Keamanan cyber (terbuka di tab baru) peneliti dari Microsoft telah membagikan detail tentang kampanye baru-baru ini dan “kebanyakan tidak berhasil” oleh aktor yang disponsori negara terhadap beberapa pelanggan.
Pakar keamanan di Microsoft Threat Intelligence Center (MSTIC) mencatat bahwa aktor ancaman Nobelium menggunakan pencurian informasi malware (terbuka di tab baru) di komputer agen dukungan pelanggan untuk meluncurkan serangkaian serangan “sangat tertarget”.
“Aktivitas baru-baru ini sebagian besar tidak berhasil, dan sebagian besar target tidak berhasil dikompromikan – kami mengetahui ada tiga entitas yang disusupi hingga saat ini,” MTIC berbagi dalam posting blog (terbuka di tab baru)tanpa merinci tentang sejauh mana kompromi tersebut.

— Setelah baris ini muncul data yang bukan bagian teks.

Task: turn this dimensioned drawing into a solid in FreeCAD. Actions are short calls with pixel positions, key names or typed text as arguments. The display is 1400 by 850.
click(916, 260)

klaim Reuters (terbuka di tab baru) Microsoft mengumumkan pelanggaran hanya setelah mendekati raksasa perangkat lunak untuk menanyakan tentang catatan yang dikirim oleh perusahaan yang berbasis di Redmond kepada pelanggan yang terpengaruh.
Spionase run-of-the-mill
Kelompok Nobelium yang disponsori negara, diperkirakan beroperasi di luar Rusia, sebagian besar diyakini berada di belakang SolarWinds (terbuka di tab baru) serangan rantai pasokan.
Reuters berbicara dengan seorang pejabat yang tidak disebutkan namanya di Gedung Putih, yang mengklaim bahwa kampanye terbaru tampaknya jauh lebih tidak serius daripada serangan SolarWinds.

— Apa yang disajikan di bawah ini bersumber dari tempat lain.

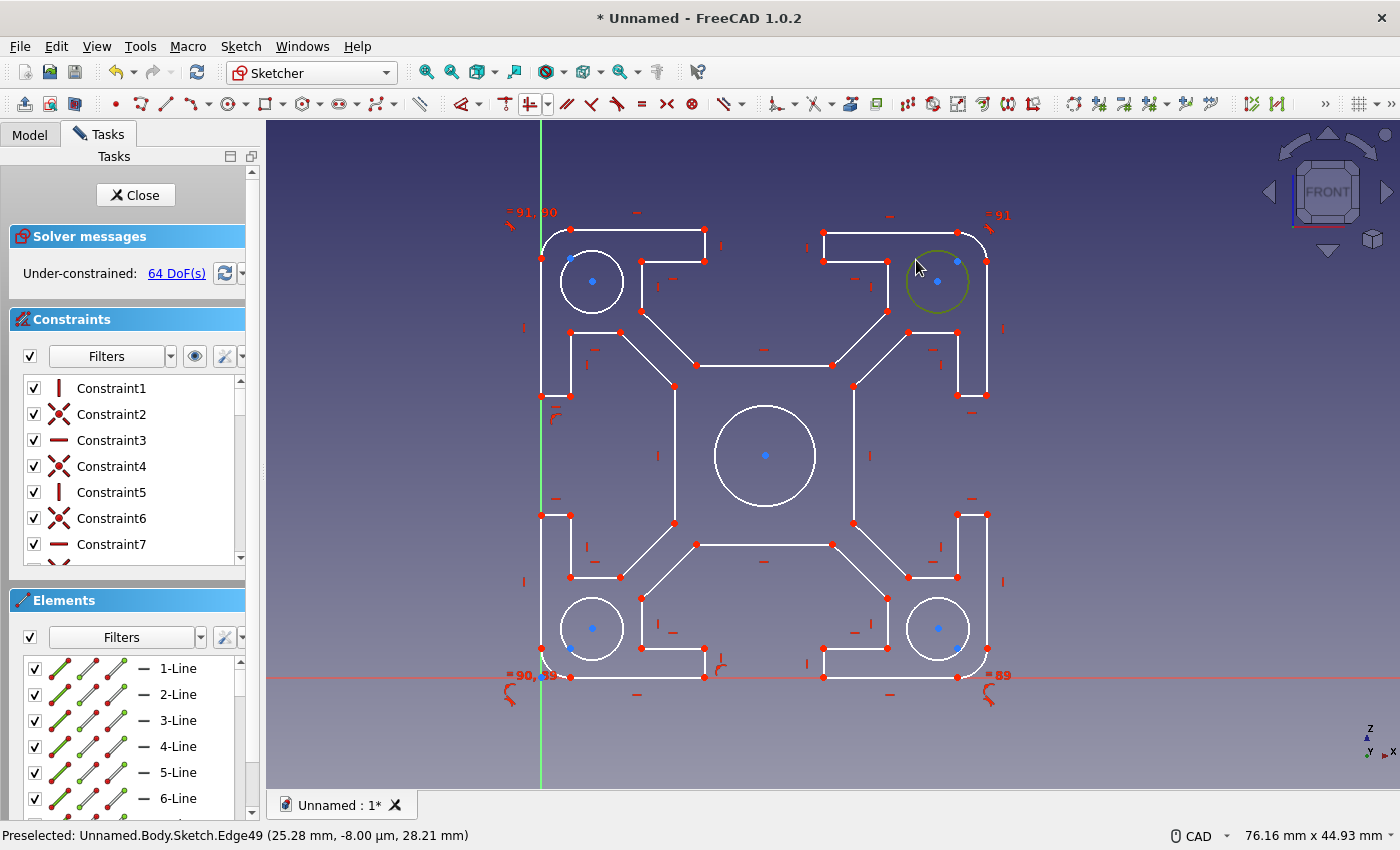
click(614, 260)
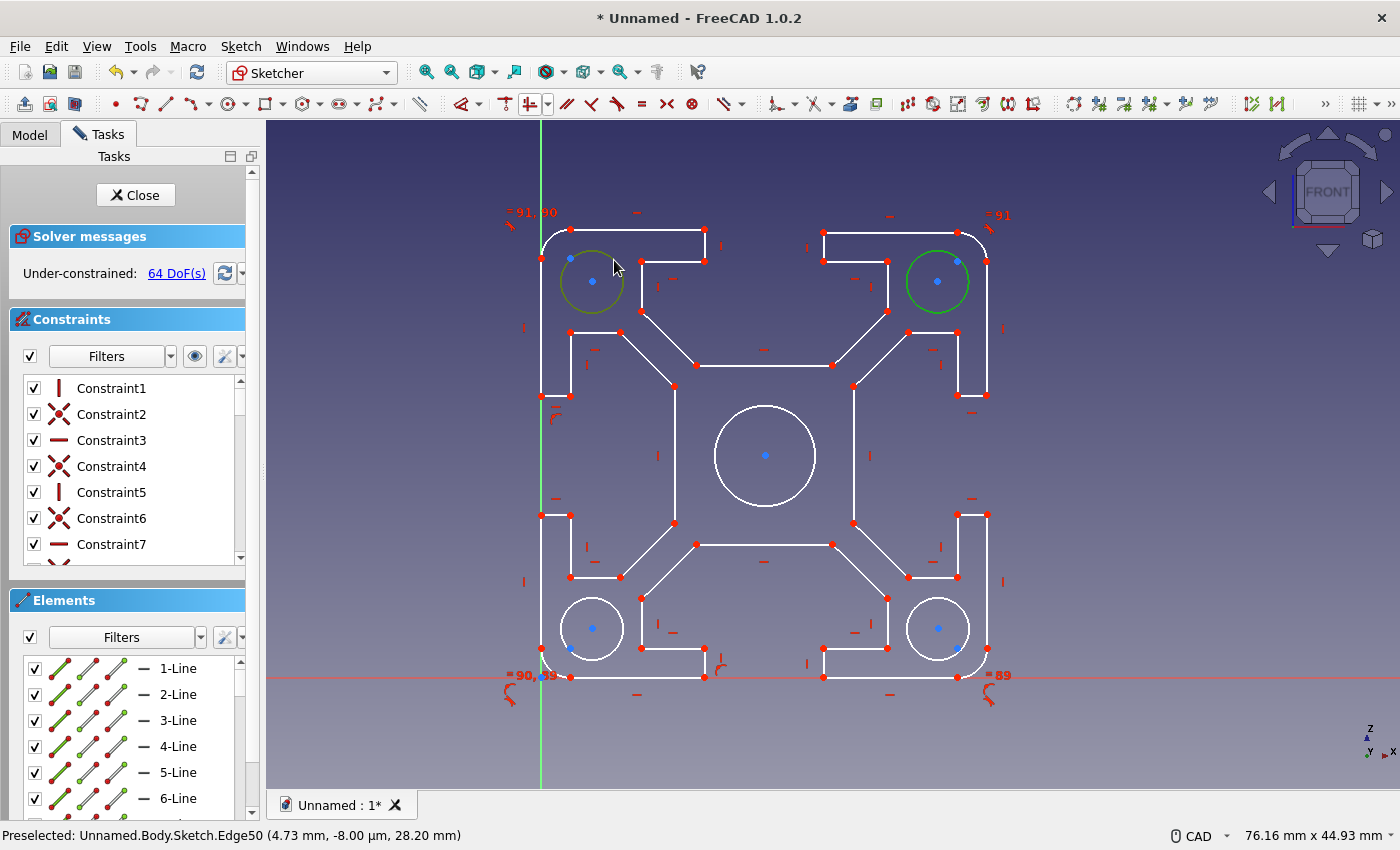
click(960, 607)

“Ini tampaknya sebagian besar tidak berhasil, spionase run-of-the-mill,” kata pejabat itu Reuters.
Dalam posting blognya, MSTIC membagikannya Nobelium (terbuka di tab baru) melakukan serangan password spray dan brute force terhadap pelanggan Microsoft untuk mendapatkan akses ke jaringan mereka.

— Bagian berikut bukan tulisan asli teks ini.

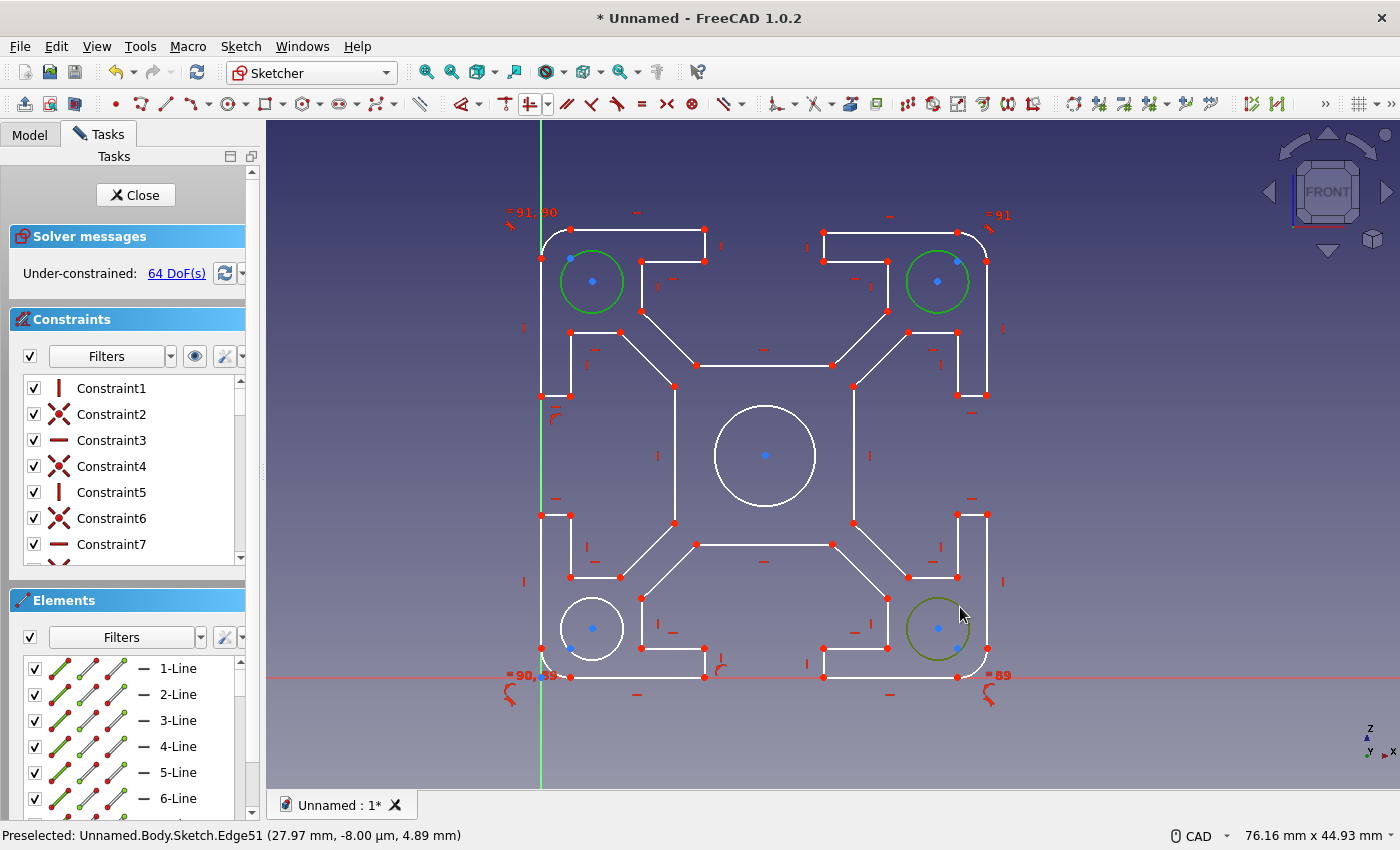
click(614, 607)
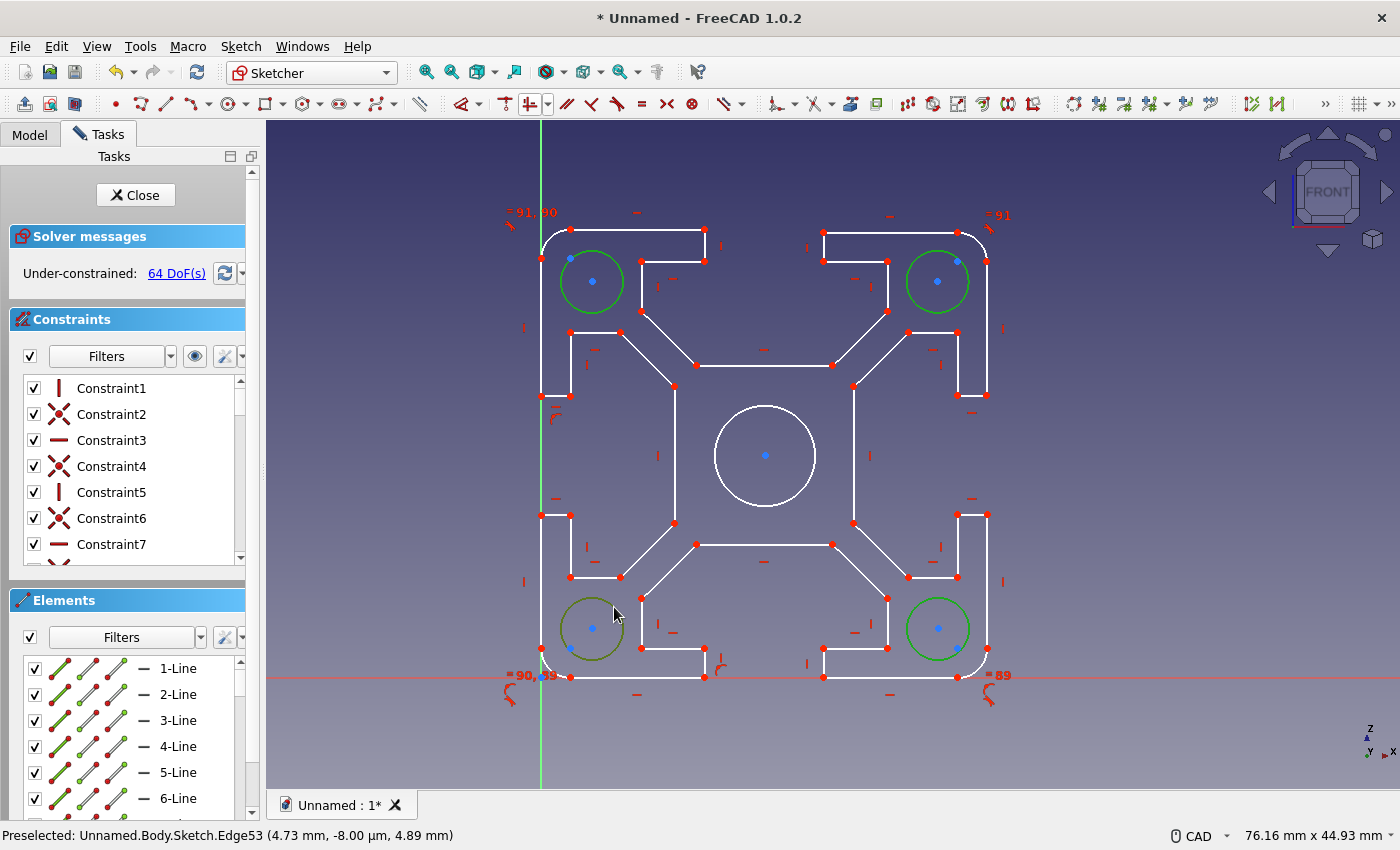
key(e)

Pelaku ancaman menargetkan pelanggan di tiga lusin negara, dengan sebagian besar target di AS (45%), diikuti oleh Inggris (10%), dan jumlah yang lebih kecil di Jerman dan Kanada.
Sebagian besar adalah perusahaan IT (57%), diikuti oleh entitas pemerintah (20%), dan persentase yang lebih kecil untuk lembaga swadaya masyarakat dan think tank, serta jasa keuangan.
“Jenis aktivitas ini bukanlah hal baru, dan kami terus menyarankan semua orang untuk mengambil tindakan pencegahan keamanan seperti mengaktifkan otentikasi multi-faktor (terbuka di tab baru) untuk melindungi lingkungan mereka dari serangan ini dan yang serupa,” saran MSTIC.